■ WHAT YOU NEED TO DO
Only the lines that hold the word "below" are wanted from this listing.
*** Opening of STORED DATA ***
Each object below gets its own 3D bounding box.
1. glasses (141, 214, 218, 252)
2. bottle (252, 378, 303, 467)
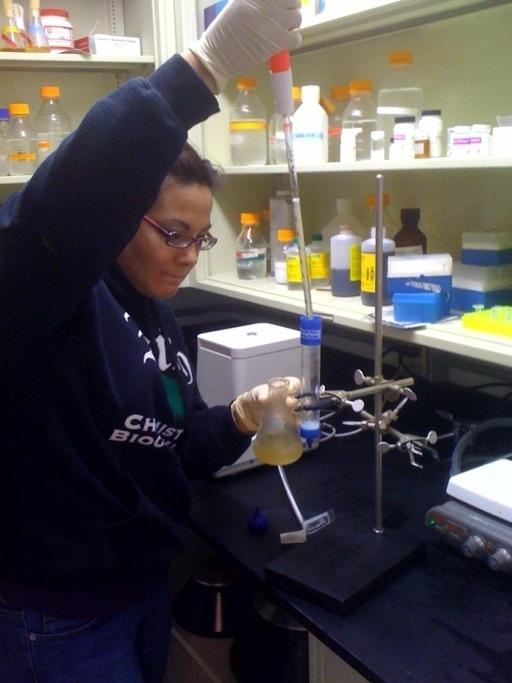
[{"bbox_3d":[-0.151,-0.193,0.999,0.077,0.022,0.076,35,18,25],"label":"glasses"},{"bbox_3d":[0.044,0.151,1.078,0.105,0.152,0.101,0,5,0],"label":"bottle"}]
*** Close of STORED DATA ***
*** Opening of STORED DATA ***
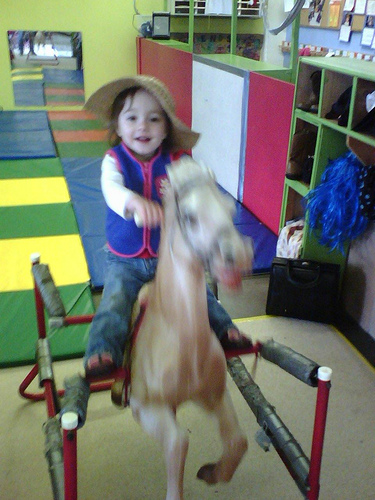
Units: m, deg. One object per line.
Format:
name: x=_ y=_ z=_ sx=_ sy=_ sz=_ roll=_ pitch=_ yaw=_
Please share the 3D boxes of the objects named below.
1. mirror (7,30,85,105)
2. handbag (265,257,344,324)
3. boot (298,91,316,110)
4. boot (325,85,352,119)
*** Close of STORED DATA ***
■ RESPONSE
Each object below gets its own 3D bounding box.
Please share the 3D boxes of the objects named below.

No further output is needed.